Delta Air Lines Inc plans to start receiving shipments of renewable fuel feedstocks at its Trainer, Pennsylvania, refinery as part of a strategy that could reduce its environmental liabilities by hundreds of millions of dollars, according to three sources familiar with the matter.
The move suggests a shift in strategy for Delta subsidiary Monroe Energy, which in the past has been among the smaller refiners that have tried to pressure the U.S. Environmental Protection Agency and the White House to reform biofuel laws.
The U.S. Renewable Fuel Standard requires refiners to blend an increasing volume of biofuels into the nation’s fuel pool each year or buy compliance credits from those who do.
Delta bought the Pennsylvania oil refinery 10 years ago in order to save money on jet fuel costs, the first-ever purchase of a refinery by an airline.

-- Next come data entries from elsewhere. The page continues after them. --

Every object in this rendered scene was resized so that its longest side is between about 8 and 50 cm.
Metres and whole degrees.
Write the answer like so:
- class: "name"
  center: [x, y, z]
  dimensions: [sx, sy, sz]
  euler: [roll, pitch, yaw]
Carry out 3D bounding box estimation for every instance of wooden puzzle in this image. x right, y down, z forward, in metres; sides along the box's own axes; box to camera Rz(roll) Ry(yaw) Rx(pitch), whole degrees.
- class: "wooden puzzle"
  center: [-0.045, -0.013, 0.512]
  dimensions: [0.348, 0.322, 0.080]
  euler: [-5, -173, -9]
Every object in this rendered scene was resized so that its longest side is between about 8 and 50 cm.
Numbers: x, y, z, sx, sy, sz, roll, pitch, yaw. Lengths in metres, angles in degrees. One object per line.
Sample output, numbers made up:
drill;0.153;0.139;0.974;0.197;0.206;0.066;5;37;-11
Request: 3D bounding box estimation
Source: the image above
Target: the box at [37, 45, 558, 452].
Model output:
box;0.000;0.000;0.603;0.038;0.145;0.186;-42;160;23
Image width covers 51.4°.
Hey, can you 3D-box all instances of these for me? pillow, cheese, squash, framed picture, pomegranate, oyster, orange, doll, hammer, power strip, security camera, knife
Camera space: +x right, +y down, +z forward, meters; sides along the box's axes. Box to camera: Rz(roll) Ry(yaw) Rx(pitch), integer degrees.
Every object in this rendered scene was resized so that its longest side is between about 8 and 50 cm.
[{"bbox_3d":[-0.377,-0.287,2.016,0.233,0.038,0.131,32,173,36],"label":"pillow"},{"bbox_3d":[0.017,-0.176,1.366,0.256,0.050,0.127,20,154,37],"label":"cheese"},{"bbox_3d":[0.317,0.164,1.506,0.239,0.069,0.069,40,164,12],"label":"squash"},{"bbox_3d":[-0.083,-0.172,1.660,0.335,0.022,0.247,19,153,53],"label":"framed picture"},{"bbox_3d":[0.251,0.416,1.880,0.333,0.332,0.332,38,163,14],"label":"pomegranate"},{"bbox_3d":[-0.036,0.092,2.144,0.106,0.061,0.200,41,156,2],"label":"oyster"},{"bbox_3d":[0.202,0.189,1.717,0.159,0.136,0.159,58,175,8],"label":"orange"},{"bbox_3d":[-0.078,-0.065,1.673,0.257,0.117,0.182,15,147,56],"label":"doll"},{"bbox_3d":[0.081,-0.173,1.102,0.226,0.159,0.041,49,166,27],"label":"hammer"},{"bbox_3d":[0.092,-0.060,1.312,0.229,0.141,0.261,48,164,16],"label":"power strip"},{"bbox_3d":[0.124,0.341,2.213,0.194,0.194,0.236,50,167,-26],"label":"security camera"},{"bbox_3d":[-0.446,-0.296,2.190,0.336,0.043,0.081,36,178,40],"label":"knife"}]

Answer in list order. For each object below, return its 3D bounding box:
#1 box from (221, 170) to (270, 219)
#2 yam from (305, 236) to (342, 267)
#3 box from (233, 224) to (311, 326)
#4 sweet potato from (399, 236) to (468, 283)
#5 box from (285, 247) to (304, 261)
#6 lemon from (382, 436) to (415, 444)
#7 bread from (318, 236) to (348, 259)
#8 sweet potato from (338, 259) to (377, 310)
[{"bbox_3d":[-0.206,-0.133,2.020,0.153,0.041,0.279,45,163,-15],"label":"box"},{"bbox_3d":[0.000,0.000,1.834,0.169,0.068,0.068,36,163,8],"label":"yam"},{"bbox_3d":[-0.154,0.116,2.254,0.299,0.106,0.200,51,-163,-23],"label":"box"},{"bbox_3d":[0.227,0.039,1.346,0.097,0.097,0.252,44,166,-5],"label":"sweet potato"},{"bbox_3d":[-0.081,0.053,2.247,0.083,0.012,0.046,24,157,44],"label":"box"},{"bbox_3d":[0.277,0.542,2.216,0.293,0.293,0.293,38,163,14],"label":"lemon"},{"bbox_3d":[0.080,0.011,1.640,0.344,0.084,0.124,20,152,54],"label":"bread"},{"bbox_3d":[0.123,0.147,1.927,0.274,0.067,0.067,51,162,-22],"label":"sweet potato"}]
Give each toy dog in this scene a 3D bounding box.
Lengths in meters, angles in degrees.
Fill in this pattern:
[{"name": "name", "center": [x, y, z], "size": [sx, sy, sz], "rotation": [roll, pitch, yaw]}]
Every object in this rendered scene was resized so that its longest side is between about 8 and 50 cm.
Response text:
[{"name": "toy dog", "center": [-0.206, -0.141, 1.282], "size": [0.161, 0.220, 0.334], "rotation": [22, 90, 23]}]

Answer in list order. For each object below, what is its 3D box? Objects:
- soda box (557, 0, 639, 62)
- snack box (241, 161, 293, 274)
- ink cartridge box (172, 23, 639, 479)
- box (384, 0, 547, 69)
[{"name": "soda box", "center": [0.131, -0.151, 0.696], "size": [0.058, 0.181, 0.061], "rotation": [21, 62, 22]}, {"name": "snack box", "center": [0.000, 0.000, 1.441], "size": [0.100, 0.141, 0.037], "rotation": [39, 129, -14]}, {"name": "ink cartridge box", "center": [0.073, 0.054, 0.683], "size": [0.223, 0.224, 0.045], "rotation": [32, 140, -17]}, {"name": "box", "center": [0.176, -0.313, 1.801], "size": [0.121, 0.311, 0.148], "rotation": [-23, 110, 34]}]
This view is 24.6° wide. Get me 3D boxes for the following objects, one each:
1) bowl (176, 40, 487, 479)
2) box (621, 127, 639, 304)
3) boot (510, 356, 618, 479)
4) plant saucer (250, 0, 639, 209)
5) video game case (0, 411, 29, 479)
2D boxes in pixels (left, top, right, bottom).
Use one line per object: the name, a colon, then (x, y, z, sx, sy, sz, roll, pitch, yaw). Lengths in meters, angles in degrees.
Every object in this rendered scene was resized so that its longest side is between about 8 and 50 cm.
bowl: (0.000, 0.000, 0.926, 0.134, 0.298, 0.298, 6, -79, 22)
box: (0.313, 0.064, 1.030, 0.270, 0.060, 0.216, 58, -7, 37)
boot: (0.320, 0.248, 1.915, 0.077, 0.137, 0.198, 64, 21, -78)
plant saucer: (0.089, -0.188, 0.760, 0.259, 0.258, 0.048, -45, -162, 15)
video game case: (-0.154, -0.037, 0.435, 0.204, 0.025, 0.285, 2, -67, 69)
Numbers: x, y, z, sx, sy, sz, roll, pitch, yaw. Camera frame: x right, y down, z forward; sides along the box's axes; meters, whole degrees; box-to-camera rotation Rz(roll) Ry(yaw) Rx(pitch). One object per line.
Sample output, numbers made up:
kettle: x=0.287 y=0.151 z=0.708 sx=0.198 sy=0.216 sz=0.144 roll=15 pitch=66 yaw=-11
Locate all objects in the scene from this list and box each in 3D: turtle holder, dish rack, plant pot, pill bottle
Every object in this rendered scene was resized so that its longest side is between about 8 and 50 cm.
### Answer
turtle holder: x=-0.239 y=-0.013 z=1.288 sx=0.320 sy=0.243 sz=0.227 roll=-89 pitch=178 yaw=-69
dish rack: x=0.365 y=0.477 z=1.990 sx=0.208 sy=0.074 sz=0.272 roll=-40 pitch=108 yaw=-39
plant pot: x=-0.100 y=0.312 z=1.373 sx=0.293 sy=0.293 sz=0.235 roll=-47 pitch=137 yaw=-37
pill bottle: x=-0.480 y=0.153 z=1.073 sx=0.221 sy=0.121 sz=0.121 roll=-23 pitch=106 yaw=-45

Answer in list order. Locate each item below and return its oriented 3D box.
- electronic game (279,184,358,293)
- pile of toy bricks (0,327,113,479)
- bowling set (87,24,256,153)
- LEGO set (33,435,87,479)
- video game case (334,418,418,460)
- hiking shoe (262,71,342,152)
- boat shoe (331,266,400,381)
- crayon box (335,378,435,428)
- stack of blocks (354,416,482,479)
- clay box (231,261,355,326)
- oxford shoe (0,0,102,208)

The refinery is expected to start importing agricultural products such as soybean oil, which can be used to make a biomass-based diesel that satisfies federal blending requirements.
Delta declined to comment, but referenced its most recent climate lobbying report, which states that Monroe is evaluating producing sustainable aviation fuel and other renewable fuels after conducting additional economic and operational analysis.
Refiners without that capability have in the past accumulated big positions in these credits, and have tried to pressure the federal government to reduce their liability to avoid making payments they claim threaten the viability of their businesses.
Monroe Energy in the past has had to pay hundreds of millions of dollars each year buying compliance credits, saying it had limited blending ability.
The company is now refurbishing two large tanks within the complex of the 185,000 barrel-per-day Trainer refinery. One tank is completed, and the second is slated for completion next month, according to two sources familiar with the matter. One source said the tanks would be used to blend biofuels.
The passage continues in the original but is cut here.